Thanks. Your comment about BLIP2 already projecting RGB inputs into (a different) text token space makes sense to me. See also fpgaminer's comment at https://news.ycombinator.com/item?id=35603246 . However, I don't see how the universal approximation theorem is relevant here. The fact that deep models with sufficient capacity can approximate any function does not imply that two deep models trained independently of each other on different tasks will learn to approximate functions that relate to each other only by a linear transformation.
>I don't see how the universal approximation theorem is relevant here. The fact that deep models
The universal approximation is exactly not about deep models. Deep means many layers. But in the most simple (and proven) case, a single hidden layer perceptron is all it needs according to the UAT. Technically it also needs a nonlinear activation function, but you get all sorts of nonlinearities for free downstream anyways in this particular model.

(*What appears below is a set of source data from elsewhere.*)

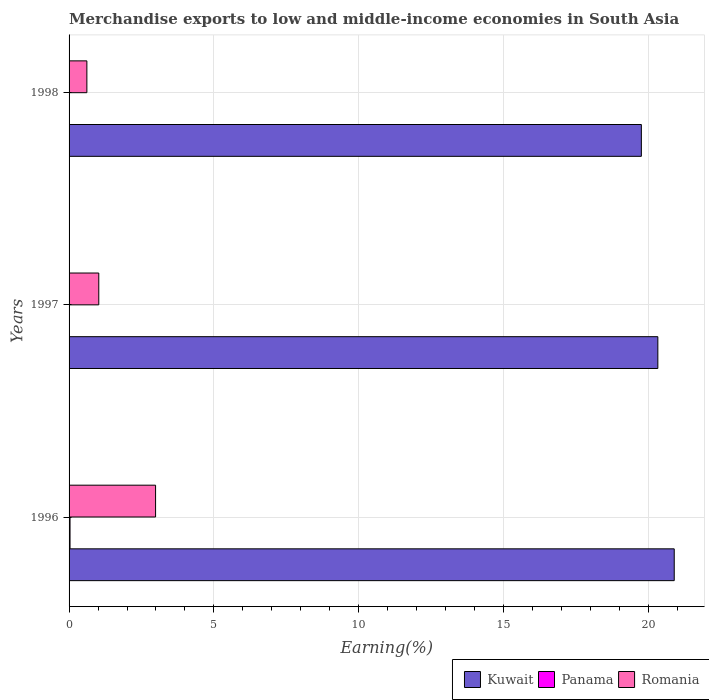How many different coloured bars are there?
Provide a succinct answer. 3. How many groups of bars are there?
Provide a succinct answer. 3. Are the number of bars per tick equal to the number of legend labels?
Give a very brief answer. Yes. In how many cases, is the number of bars for a given year not equal to the number of legend labels?
Your response must be concise. 0. What is the percentage of amount earned from merchandise exports in Panama in 1998?
Your response must be concise. 0.01. Across all years, what is the maximum percentage of amount earned from merchandise exports in Kuwait?
Your answer should be very brief. 20.89. Across all years, what is the minimum percentage of amount earned from merchandise exports in Romania?
Ensure brevity in your answer.  0.61. In which year was the percentage of amount earned from merchandise exports in Romania maximum?
Give a very brief answer. 1996. In which year was the percentage of amount earned from merchandise exports in Romania minimum?
Your response must be concise. 1998. What is the total percentage of amount earned from merchandise exports in Romania in the graph?
Ensure brevity in your answer.  4.63. What is the difference between the percentage of amount earned from merchandise exports in Romania in 1996 and that in 1998?
Your answer should be very brief. 2.37. What is the difference between the percentage of amount earned from merchandise exports in Kuwait in 1996 and the percentage of amount earned from merchandise exports in Romania in 1997?
Offer a terse response. 19.87. What is the average percentage of amount earned from merchandise exports in Kuwait per year?
Offer a very short reply. 20.32. In the year 1997, what is the difference between the percentage of amount earned from merchandise exports in Kuwait and percentage of amount earned from merchandise exports in Romania?
Your answer should be very brief. 19.3. In how many years, is the percentage of amount earned from merchandise exports in Romania greater than 16 %?
Your answer should be compact. 0. What is the ratio of the percentage of amount earned from merchandise exports in Kuwait in 1996 to that in 1998?
Keep it short and to the point. 1.06. Is the percentage of amount earned from merchandise exports in Panama in 1997 less than that in 1998?
Make the answer very short. Yes. What is the difference between the highest and the second highest percentage of amount earned from merchandise exports in Panama?
Provide a short and direct response. 0.02. What is the difference between the highest and the lowest percentage of amount earned from merchandise exports in Panama?
Provide a short and direct response. 0.03. In how many years, is the percentage of amount earned from merchandise exports in Romania greater than the average percentage of amount earned from merchandise exports in Romania taken over all years?
Give a very brief answer. 1. What does the 1st bar from the top in 1996 represents?
Your response must be concise. Romania. What does the 3rd bar from the bottom in 1996 represents?
Keep it short and to the point. Romania. How many bars are there?
Your answer should be compact. 9. Are all the bars in the graph horizontal?
Give a very brief answer. Yes. Are the values on the major ticks of X-axis written in scientific E-notation?
Your answer should be very brief. No. Does the graph contain grids?
Your answer should be compact. Yes. Where does the legend appear in the graph?
Make the answer very short. Bottom right. How many legend labels are there?
Your response must be concise. 3. How are the legend labels stacked?
Ensure brevity in your answer.  Horizontal. What is the title of the graph?
Your answer should be compact. Merchandise exports to low and middle-income economies in South Asia. Does "Middle East & North Africa (all income levels)" appear as one of the legend labels in the graph?
Your response must be concise. No. What is the label or title of the X-axis?
Your response must be concise. Earning(%). What is the label or title of the Y-axis?
Offer a terse response. Years. What is the Earning(%) of Kuwait in 1996?
Your answer should be compact. 20.89. What is the Earning(%) of Panama in 1996?
Offer a terse response. 0.03. What is the Earning(%) in Romania in 1996?
Provide a short and direct response. 2.99. What is the Earning(%) of Kuwait in 1997?
Ensure brevity in your answer.  20.33. What is the Earning(%) in Panama in 1997?
Keep it short and to the point. 0. What is the Earning(%) in Romania in 1997?
Provide a succinct answer. 1.03. What is the Earning(%) in Kuwait in 1998?
Your response must be concise. 19.76. What is the Earning(%) in Panama in 1998?
Offer a very short reply. 0.01. What is the Earning(%) of Romania in 1998?
Offer a very short reply. 0.61. Across all years, what is the maximum Earning(%) of Kuwait?
Your answer should be compact. 20.89. Across all years, what is the maximum Earning(%) of Panama?
Ensure brevity in your answer.  0.03. Across all years, what is the maximum Earning(%) in Romania?
Provide a succinct answer. 2.99. Across all years, what is the minimum Earning(%) in Kuwait?
Make the answer very short. 19.76. Across all years, what is the minimum Earning(%) of Panama?
Give a very brief answer. 0. Across all years, what is the minimum Earning(%) in Romania?
Keep it short and to the point. 0.61. What is the total Earning(%) of Kuwait in the graph?
Your response must be concise. 60.97. What is the total Earning(%) of Panama in the graph?
Your answer should be very brief. 0.05. What is the total Earning(%) in Romania in the graph?
Your answer should be compact. 4.63. What is the difference between the Earning(%) in Kuwait in 1996 and that in 1997?
Keep it short and to the point. 0.57. What is the difference between the Earning(%) in Panama in 1996 and that in 1997?
Provide a short and direct response. 0.03. What is the difference between the Earning(%) of Romania in 1996 and that in 1997?
Keep it short and to the point. 1.96. What is the difference between the Earning(%) of Kuwait in 1996 and that in 1998?
Your response must be concise. 1.13. What is the difference between the Earning(%) in Panama in 1996 and that in 1998?
Offer a terse response. 0.02. What is the difference between the Earning(%) of Romania in 1996 and that in 1998?
Give a very brief answer. 2.37. What is the difference between the Earning(%) in Kuwait in 1997 and that in 1998?
Ensure brevity in your answer.  0.57. What is the difference between the Earning(%) in Panama in 1997 and that in 1998?
Ensure brevity in your answer.  -0.01. What is the difference between the Earning(%) of Romania in 1997 and that in 1998?
Ensure brevity in your answer.  0.41. What is the difference between the Earning(%) in Kuwait in 1996 and the Earning(%) in Panama in 1997?
Offer a very short reply. 20.89. What is the difference between the Earning(%) in Kuwait in 1996 and the Earning(%) in Romania in 1997?
Keep it short and to the point. 19.87. What is the difference between the Earning(%) in Panama in 1996 and the Earning(%) in Romania in 1997?
Ensure brevity in your answer.  -0.99. What is the difference between the Earning(%) in Kuwait in 1996 and the Earning(%) in Panama in 1998?
Keep it short and to the point. 20.88. What is the difference between the Earning(%) of Kuwait in 1996 and the Earning(%) of Romania in 1998?
Give a very brief answer. 20.28. What is the difference between the Earning(%) of Panama in 1996 and the Earning(%) of Romania in 1998?
Your response must be concise. -0.58. What is the difference between the Earning(%) in Kuwait in 1997 and the Earning(%) in Panama in 1998?
Ensure brevity in your answer.  20.31. What is the difference between the Earning(%) in Kuwait in 1997 and the Earning(%) in Romania in 1998?
Provide a short and direct response. 19.71. What is the difference between the Earning(%) in Panama in 1997 and the Earning(%) in Romania in 1998?
Offer a very short reply. -0.61. What is the average Earning(%) in Kuwait per year?
Make the answer very short. 20.32. What is the average Earning(%) of Panama per year?
Ensure brevity in your answer.  0.02. What is the average Earning(%) of Romania per year?
Keep it short and to the point. 1.54. In the year 1996, what is the difference between the Earning(%) in Kuwait and Earning(%) in Panama?
Ensure brevity in your answer.  20.86. In the year 1996, what is the difference between the Earning(%) in Kuwait and Earning(%) in Romania?
Offer a terse response. 17.9. In the year 1996, what is the difference between the Earning(%) in Panama and Earning(%) in Romania?
Offer a very short reply. -2.95. In the year 1997, what is the difference between the Earning(%) of Kuwait and Earning(%) of Panama?
Provide a short and direct response. 20.32. In the year 1997, what is the difference between the Earning(%) of Kuwait and Earning(%) of Romania?
Offer a terse response. 19.3. In the year 1997, what is the difference between the Earning(%) of Panama and Earning(%) of Romania?
Your answer should be compact. -1.02. In the year 1998, what is the difference between the Earning(%) in Kuwait and Earning(%) in Panama?
Make the answer very short. 19.75. In the year 1998, what is the difference between the Earning(%) of Kuwait and Earning(%) of Romania?
Offer a very short reply. 19.14. In the year 1998, what is the difference between the Earning(%) in Panama and Earning(%) in Romania?
Give a very brief answer. -0.6. What is the ratio of the Earning(%) of Kuwait in 1996 to that in 1997?
Give a very brief answer. 1.03. What is the ratio of the Earning(%) of Panama in 1996 to that in 1997?
Your response must be concise. 10.31. What is the ratio of the Earning(%) in Romania in 1996 to that in 1997?
Provide a short and direct response. 2.91. What is the ratio of the Earning(%) in Kuwait in 1996 to that in 1998?
Offer a terse response. 1.06. What is the ratio of the Earning(%) of Panama in 1996 to that in 1998?
Keep it short and to the point. 2.95. What is the ratio of the Earning(%) in Romania in 1996 to that in 1998?
Your answer should be compact. 4.86. What is the ratio of the Earning(%) of Kuwait in 1997 to that in 1998?
Give a very brief answer. 1.03. What is the ratio of the Earning(%) in Panama in 1997 to that in 1998?
Offer a very short reply. 0.29. What is the ratio of the Earning(%) in Romania in 1997 to that in 1998?
Your answer should be very brief. 1.67. What is the difference between the highest and the second highest Earning(%) in Kuwait?
Offer a terse response. 0.57. What is the difference between the highest and the second highest Earning(%) of Panama?
Your answer should be compact. 0.02. What is the difference between the highest and the second highest Earning(%) of Romania?
Keep it short and to the point. 1.96. What is the difference between the highest and the lowest Earning(%) of Kuwait?
Your answer should be compact. 1.13. What is the difference between the highest and the lowest Earning(%) of Romania?
Offer a very short reply. 2.37. 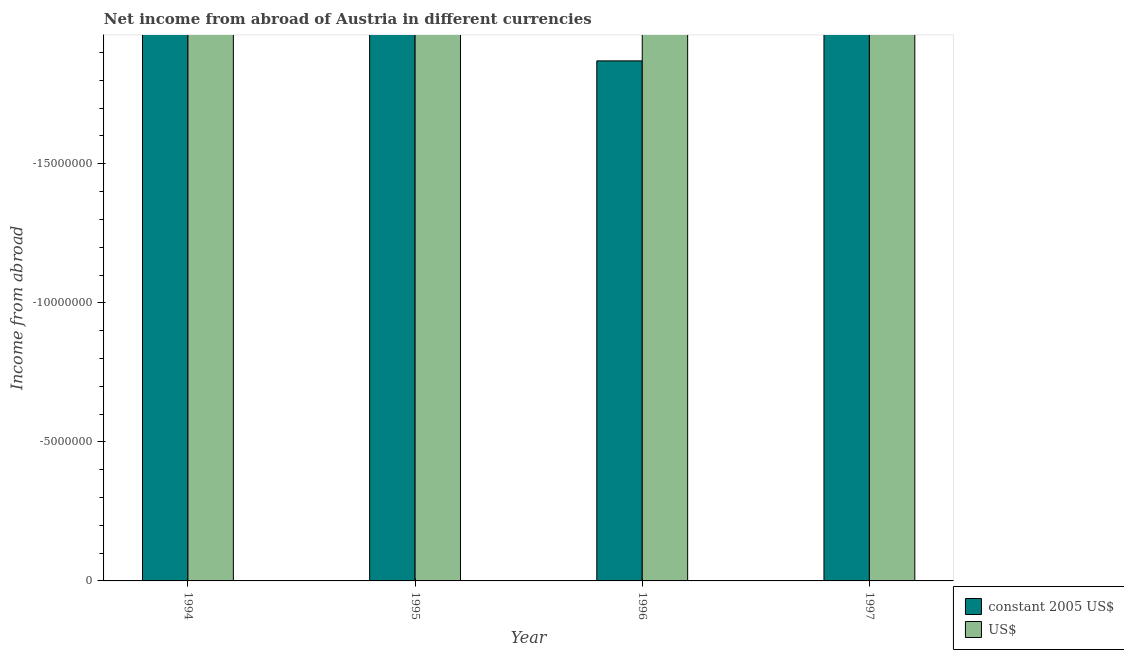Are the number of bars per tick equal to the number of legend labels?
Offer a very short reply. No. Are the number of bars on each tick of the X-axis equal?
Provide a short and direct response. Yes. How many bars are there on the 3rd tick from the right?
Give a very brief answer. 0. What is the label of the 3rd group of bars from the left?
Provide a succinct answer. 1996. In how many years, is the income from abroad in constant 2005 us$ greater than the average income from abroad in constant 2005 us$ taken over all years?
Your response must be concise. 0. How many years are there in the graph?
Your answer should be compact. 4. What is the difference between two consecutive major ticks on the Y-axis?
Offer a very short reply. 5.00e+06. Are the values on the major ticks of Y-axis written in scientific E-notation?
Your answer should be very brief. No. Does the graph contain any zero values?
Give a very brief answer. Yes. How many legend labels are there?
Provide a succinct answer. 2. What is the title of the graph?
Offer a very short reply. Net income from abroad of Austria in different currencies. Does "Agricultural land" appear as one of the legend labels in the graph?
Your answer should be compact. No. What is the label or title of the Y-axis?
Provide a short and direct response. Income from abroad. What is the Income from abroad of US$ in 1994?
Ensure brevity in your answer.  0. What is the Income from abroad in US$ in 1995?
Make the answer very short. 0. What is the Income from abroad of US$ in 1996?
Your answer should be compact. 0. What is the Income from abroad of constant 2005 US$ in 1997?
Provide a succinct answer. 0. What is the total Income from abroad of constant 2005 US$ in the graph?
Give a very brief answer. 0. What is the total Income from abroad of US$ in the graph?
Your answer should be compact. 0. What is the average Income from abroad in constant 2005 US$ per year?
Give a very brief answer. 0. 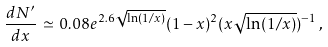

You'd need to increase width (dimensionality) if you make these models shallow.
My point still stands: The fact that models with sufficient capacity can approximate any function does not imply that two models trained independently of each other on different tasks will learn to approximate functions that relate to each other only by a linear transformation.
The UAT states that depth is fundamentally not important, at least theoretically. It only has immense practical uses. So adding an intermediate linear layer + some nonlinearity already gets you an error scaling like O(1/N) for width N (in theory), regardless of what you are actually mapping. At least as long as it's somewhat continuous.